The American Association for Thoracic Surgery (AATS), American College of Cardiology (ACC), American Society of Echocardiography (ASE), Heart Rhythm Society (HRS), Society for Cardiovascular Angiography and Interventions (SCAI) and Society of Thoracic Surgeons (STS) all signed on to a 13-page letter to CMS outlining why T-TEER should be reimbursed.
Earlier this year, the U.S. Food and Drug Administration cleared the Abbott TriClip for the treatment of TR. Abbott formally requested CMS develop a national coverage determination (NCD) for T-TEER. CMS initiated a National Coverage Analysis (NCA) process Oct. 3. This included a 30-day comment period, in which the multispeciality letter was included.
The letter included clinical studies and other scientific information to inform their decisions regarding the creation of a NCD. CMS will now consider the available clinical evidence on treating TR with T-TEER. CMS said it will release a proposed decision memo by April 3, 2025.
"The societies are supportive of the development of a National Coverage Determination (NCD) for T-TEER," the presidents of each society wrote in letter. "T-TEER represents an emerging technology to treat severe TR. Candidates for this technology have tricuspid valve disease severe enough to cause symptoms, despite optimal medical therapy and are at intermediate or greater risk for TV surgery. The TriClip device is currently the sole T-TEER device approved by the U.S. Food and Drug Administration (FDA)."
The letter goes on to outline the importance, role and composition of an ideal T-TEER multidisciplinary heart team, factors when determining patient selection, patient evaluation, and requirements for T-TEER programs. The societies also proposed the development of a STS/ACC T-TEER registry to monitor outcomes data. This would be a supplement the existing Trancatheter Valve Therapies (TVT) registry for TAVR and mitral valve TEER.

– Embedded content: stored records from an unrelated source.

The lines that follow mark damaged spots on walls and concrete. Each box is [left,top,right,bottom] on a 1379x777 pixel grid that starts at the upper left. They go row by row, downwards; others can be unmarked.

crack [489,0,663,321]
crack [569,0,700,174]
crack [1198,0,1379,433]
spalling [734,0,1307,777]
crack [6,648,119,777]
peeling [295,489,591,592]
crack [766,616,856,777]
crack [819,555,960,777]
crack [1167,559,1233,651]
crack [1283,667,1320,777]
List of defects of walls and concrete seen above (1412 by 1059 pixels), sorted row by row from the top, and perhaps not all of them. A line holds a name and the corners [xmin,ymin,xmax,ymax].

Additional supporting evidence for T-TEER
The TriClip was cleared by the FDA using data from the first 350 patients in the TRILUMINATE IDE trial. While that data did not show superior efficacy for T-TEER compared to optimal medical therapy, it did show large enough improvements in patient quality of life that experts felt the therapy had merit. However, new data showing efficacy will likely help change the narrative for T-TEER.

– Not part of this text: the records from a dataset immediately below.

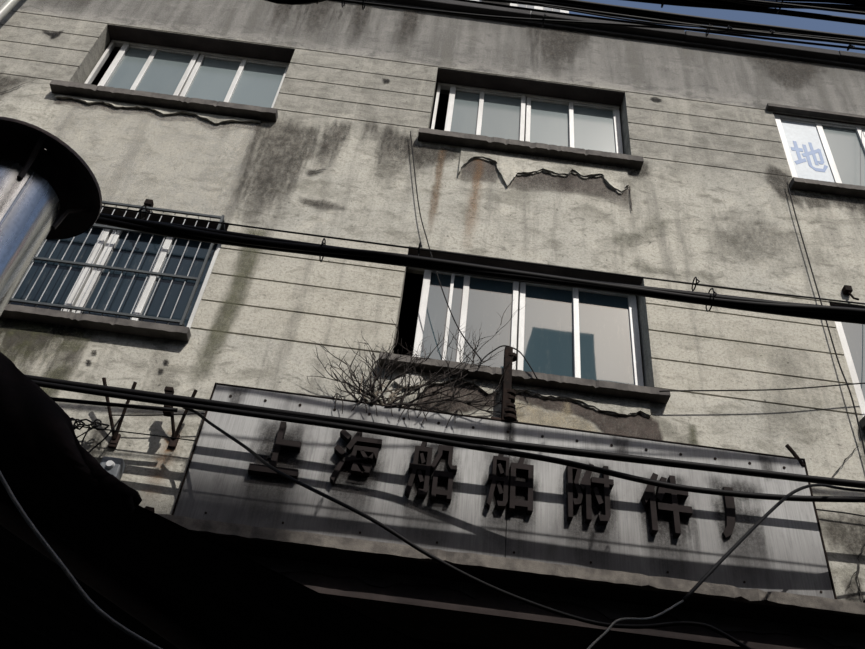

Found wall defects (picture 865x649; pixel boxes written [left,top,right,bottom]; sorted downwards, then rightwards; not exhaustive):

water stain [529,26,589,61]
peeling [55,95,261,130]
water stain [238,123,349,203]
water stain [366,125,411,161]
peeling [458,148,632,211]
water stain [768,167,865,214]
water stain [0,319,92,396]
peeling [394,372,500,413]
peeling [511,384,663,440]
crack [847,542,865,600]
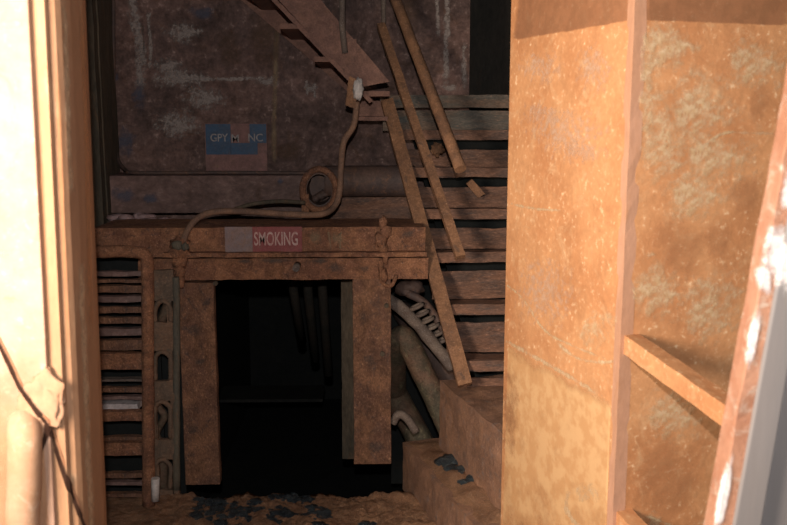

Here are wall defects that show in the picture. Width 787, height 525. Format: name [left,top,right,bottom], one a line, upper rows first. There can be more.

peeling [755,227,787,292]
corrosion [703,70,787,525]
peeling [745,317,760,362]
peeling [715,464,731,525]

Just a couple days before the multi-society letter was sent to CMS, new data data presented at the Transcatheter Cardiovascular Therapeutics (TCT) 2024 meeting confirmed efficacy for the first time in new TRILUMINATE data that included all 570 patients in the trial.

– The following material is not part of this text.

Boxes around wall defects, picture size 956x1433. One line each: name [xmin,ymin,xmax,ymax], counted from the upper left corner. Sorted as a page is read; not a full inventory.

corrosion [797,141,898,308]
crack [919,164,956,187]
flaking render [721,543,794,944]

“In the expanded cohort, all three primary efficacy endpoints for hospitalization, heart failure, mortality, and need for tricuspid surgery, showed improvement. This is significant because, previously, two out of the three outcomes had shown equivalency,” explained Gilbert H. Tang, MD, professor in the department of cardiovascular surgery at the Icahn School of Medicine and surgical director of the Structural Heart Program at the Mount Sinai Health System, who presented the findings and spoke to Cardiovascular Business in an interview.